= Spontaneous composition =

Spontaneous composition is music performed, occurring, or resulting from a sudden natural impulse, tendency, or inclination; without effort or premeditation; natural and unconstrained; unplanned.

Spontaneity in music is mostly associated with improvised music and jazz, but through the course of the last century it became practiced in other genres as well.

Improvisation is one possible compositional tool used in creating a spontaneous composition.

Keith Jarrett, an American pianist, is known for his work, which is almost exclusively based on improvisation. Keith Jarrett considers spontaneity to be an essential element of his music. He never writes musical notations for his works and makes no plans before a performance. Jarrett describes his compositional process as “being three people at once while improvising: the Improviser, the Spontaneous Composer, and the Keyboardist (the man at the keyboard). Jarrett himself is performing all of the tasks he describes simultaneously, but in an attempt to explain improvisation as an activity, he breaks down the task of performing into separate but interdependent “jobs” completed by his personae. (…) Jarrett describes the perfect work of his personae as the height of improvisational experience; when each of his personae are able to work freely and in harmony with the others (…).”

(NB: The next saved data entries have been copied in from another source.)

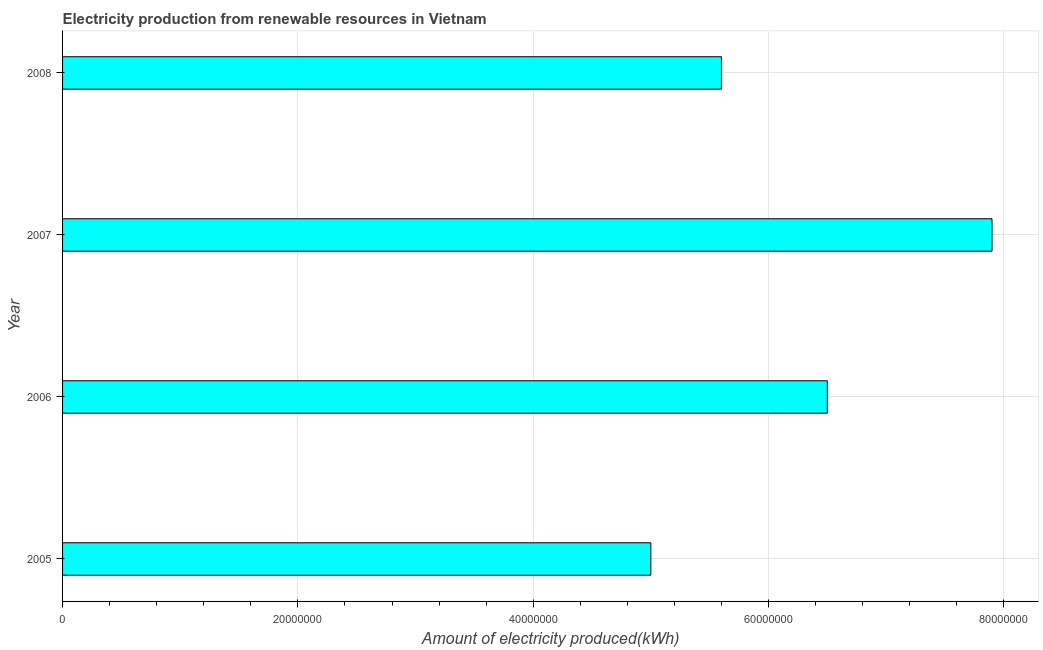Does the graph contain any zero values?
Your answer should be compact. No. What is the title of the graph?
Provide a succinct answer. Electricity production from renewable resources in Vietnam. What is the label or title of the X-axis?
Ensure brevity in your answer.  Amount of electricity produced(kWh). What is the amount of electricity produced in 2008?
Ensure brevity in your answer.  5.60e+07. Across all years, what is the maximum amount of electricity produced?
Give a very brief answer. 7.90e+07. Across all years, what is the minimum amount of electricity produced?
Give a very brief answer. 5.00e+07. In which year was the amount of electricity produced minimum?
Keep it short and to the point. 2005. What is the sum of the amount of electricity produced?
Your response must be concise. 2.50e+08. What is the difference between the amount of electricity produced in 2007 and 2008?
Make the answer very short. 2.30e+07. What is the average amount of electricity produced per year?
Keep it short and to the point. 6.25e+07. What is the median amount of electricity produced?
Offer a very short reply. 6.05e+07. In how many years, is the amount of electricity produced greater than 44000000 kWh?
Provide a succinct answer. 4. Do a majority of the years between 2006 and 2005 (inclusive) have amount of electricity produced greater than 36000000 kWh?
Provide a short and direct response. No. What is the ratio of the amount of electricity produced in 2006 to that in 2008?
Provide a short and direct response. 1.16. What is the difference between the highest and the second highest amount of electricity produced?
Your response must be concise. 1.40e+07. What is the difference between the highest and the lowest amount of electricity produced?
Offer a very short reply. 2.90e+07. In how many years, is the amount of electricity produced greater than the average amount of electricity produced taken over all years?
Keep it short and to the point. 2. Are all the bars in the graph horizontal?
Your answer should be very brief. Yes. How many years are there in the graph?
Your answer should be very brief. 4. What is the Amount of electricity produced(kWh) of 2006?
Your response must be concise. 6.50e+07. What is the Amount of electricity produced(kWh) of 2007?
Offer a terse response. 7.90e+07. What is the Amount of electricity produced(kWh) of 2008?
Give a very brief answer. 5.60e+07. What is the difference between the Amount of electricity produced(kWh) in 2005 and 2006?
Make the answer very short. -1.50e+07. What is the difference between the Amount of electricity produced(kWh) in 2005 and 2007?
Keep it short and to the point. -2.90e+07. What is the difference between the Amount of electricity produced(kWh) in 2005 and 2008?
Ensure brevity in your answer.  -6.00e+06. What is the difference between the Amount of electricity produced(kWh) in 2006 and 2007?
Your answer should be very brief. -1.40e+07. What is the difference between the Amount of electricity produced(kWh) in 2006 and 2008?
Offer a terse response. 9.00e+06. What is the difference between the Amount of electricity produced(kWh) in 2007 and 2008?
Give a very brief answer. 2.30e+07. What is the ratio of the Amount of electricity produced(kWh) in 2005 to that in 2006?
Keep it short and to the point. 0.77. What is the ratio of the Amount of electricity produced(kWh) in 2005 to that in 2007?
Your answer should be compact. 0.63. What is the ratio of the Amount of electricity produced(kWh) in 2005 to that in 2008?
Your answer should be very brief. 0.89. What is the ratio of the Amount of electricity produced(kWh) in 2006 to that in 2007?
Give a very brief answer. 0.82. What is the ratio of the Amount of electricity produced(kWh) in 2006 to that in 2008?
Offer a terse response. 1.16. What is the ratio of the Amount of electricity produced(kWh) in 2007 to that in 2008?
Make the answer very short. 1.41. 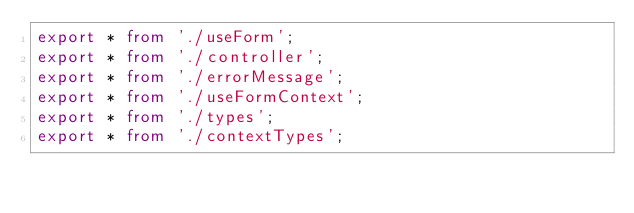<code> <loc_0><loc_0><loc_500><loc_500><_TypeScript_>export * from './useForm';
export * from './controller';
export * from './errorMessage';
export * from './useFormContext';
export * from './types';
export * from './contextTypes';
</code> 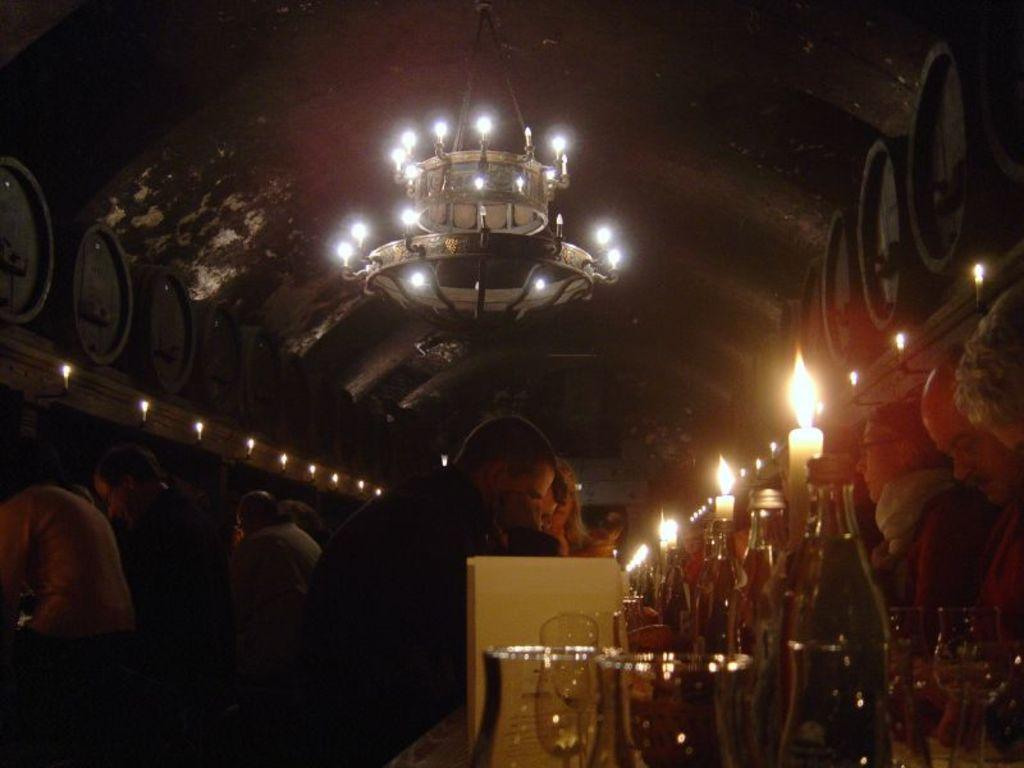What type of furniture is present in the image? There is a table in the image. What objects can be seen on the table? There are glasses, bottles, and candles on the table. What are the people in the image doing? There are people sitting on chairs in the image. What is visible above the table in the image? There is a ceiling with lights in the image. What additional objects are present in the image? There are barrels in the image. Can you see any fairies flying around the candles in the image? There are no fairies present in the image. What type of birds can be seen perched on the barrels in the image? There are no birds visible in the image; it only features a table, glasses, bottles, candles, people sitting on chairs, a ceiling with lights, and barrels. 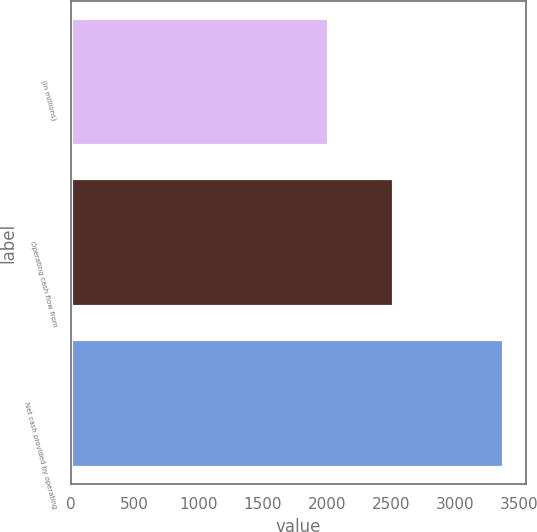<chart> <loc_0><loc_0><loc_500><loc_500><bar_chart><fcel>(in millions)<fcel>Operating cash flow from<fcel>Net cash provided by operating<nl><fcel>2016<fcel>2520<fcel>3384<nl></chart> 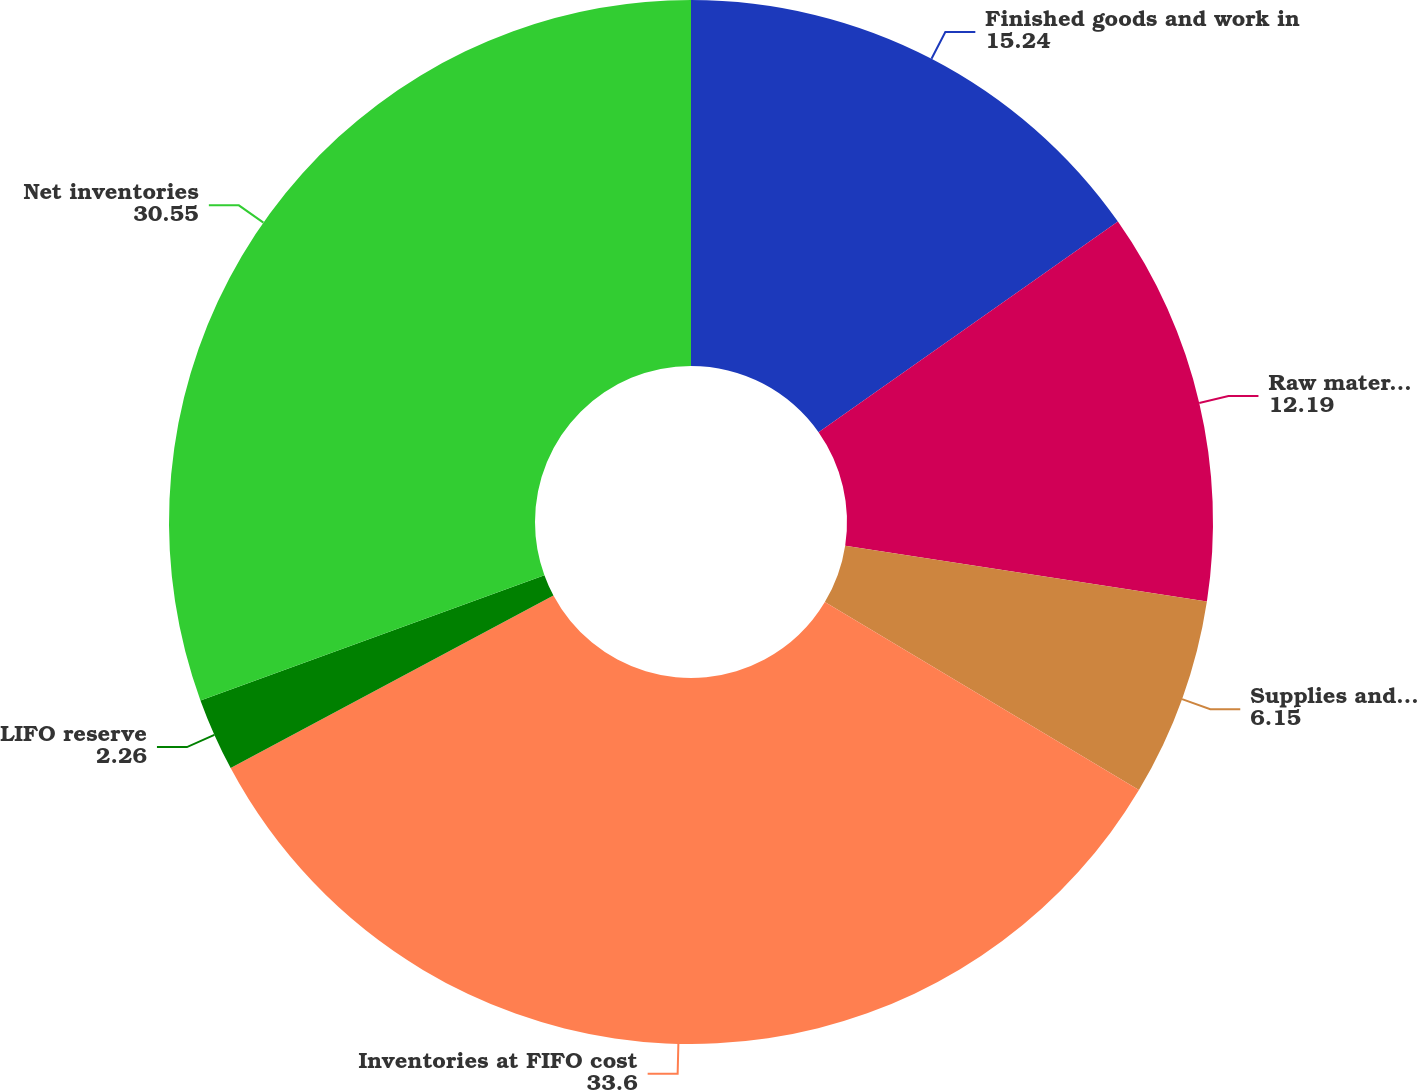<chart> <loc_0><loc_0><loc_500><loc_500><pie_chart><fcel>Finished goods and work in<fcel>Raw materials<fcel>Supplies and spare parts<fcel>Inventories at FIFO cost<fcel>LIFO reserve<fcel>Net inventories<nl><fcel>15.24%<fcel>12.19%<fcel>6.15%<fcel>33.6%<fcel>2.26%<fcel>30.55%<nl></chart> 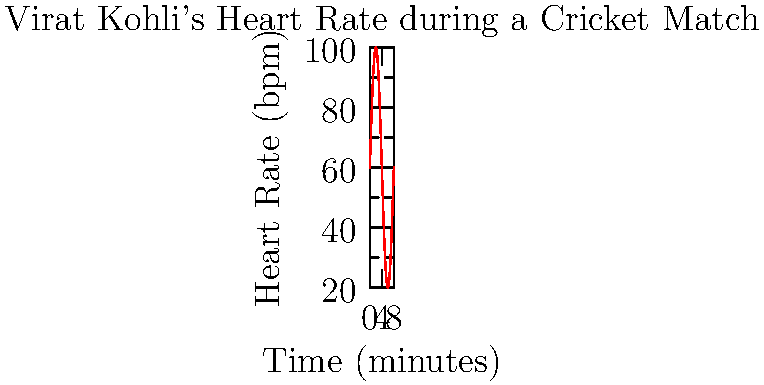During a crucial cricket match, Indian batting legend Virat Kohli's heart rate was monitored and represented by the function $f(t) = 60 + 40\sin(\frac{\pi t}{4})$, where $t$ is the time in minutes and $f(t)$ is the heart rate in beats per minute. Calculate the average heart rate of Kohli during the first 8 minutes of his innings using the concept of the area under the curve. To find the average heart rate, we need to calculate the area under the curve and divide it by the time interval. Let's break it down step-by-step:

1) The area under the curve is given by the definite integral:
   $$A = \int_0^8 (60 + 40\sin(\frac{\pi t}{4})) dt$$

2) Let's solve this integral:
   $$A = [60t - \frac{160}{\pi}\cos(\frac{\pi t}{4})]_0^8$$

3) Evaluating at the limits:
   $$A = (60 \cdot 8 - \frac{160}{\pi}\cos(2\pi)) - (0 - \frac{160}{\pi}\cos(0))$$
   $$A = 480 - \frac{160}{\pi}\cos(2\pi) + \frac{160}{\pi}$$

4) Simplify:
   $$A = 480 + \frac{160}{\pi}(1 - \cos(2\pi)) = 480$$

5) The average heart rate is the area divided by the time interval:
   $$\text{Average Heart Rate} = \frac{A}{8} = \frac{480}{8} = 60 \text{ bpm}$$

Thus, Virat Kohli's average heart rate during the first 8 minutes of his innings was 60 beats per minute.
Answer: 60 bpm

Jarrett further explains: "If I remain the listener and not think I'm the player, if I remain the listener and not control the thing, something happens."

The term "spontaneous composition" is closely associated with the music of Art Ensemble of Chicago. The band is best known for their innovative combining of absolute free playing with composed parts, building their compositions on improvisation, augmented communication between the players and prearranged sequences. Their music is often associated with avant-garde jazz, but they played freely through various musical zones, from the most reverent, like traditional, gospel, or so-called “Great Black Music”, to the most radical, like free-jazz or experimental. However, they never confined themselves to a single musical style or strict rules. They simply called it “creative music”.

Unlike Keith Jarrett's compositions, which were created entirely spontaneously, the music of Art Ensemble of Chicago was built through various combinations in the range between free and prearranged music. Its member, Roscoe Mitchell, multi-instrumentalist and inventor of new percussions, describes their way of composing as follows:
”I’m interested in all aspects of creativity. And one goal has always been to be a really good improviser who really does create spontaneous composition. So I study all the time, trying to develop ways to improve communication amongst the players and to shape and control the improvisations. There are so many paths to investigate, and not just contemporary paths.”

Scott Barry Kaufman, a psychologist known for his work on creativity, human potential and intelligence, explores concepts related to spontaneity in creative processes. He postulates that spontaneity is essential for creative process and he analyzed it by exploring processes like improvisation, brainstorming, openness, or playfulness.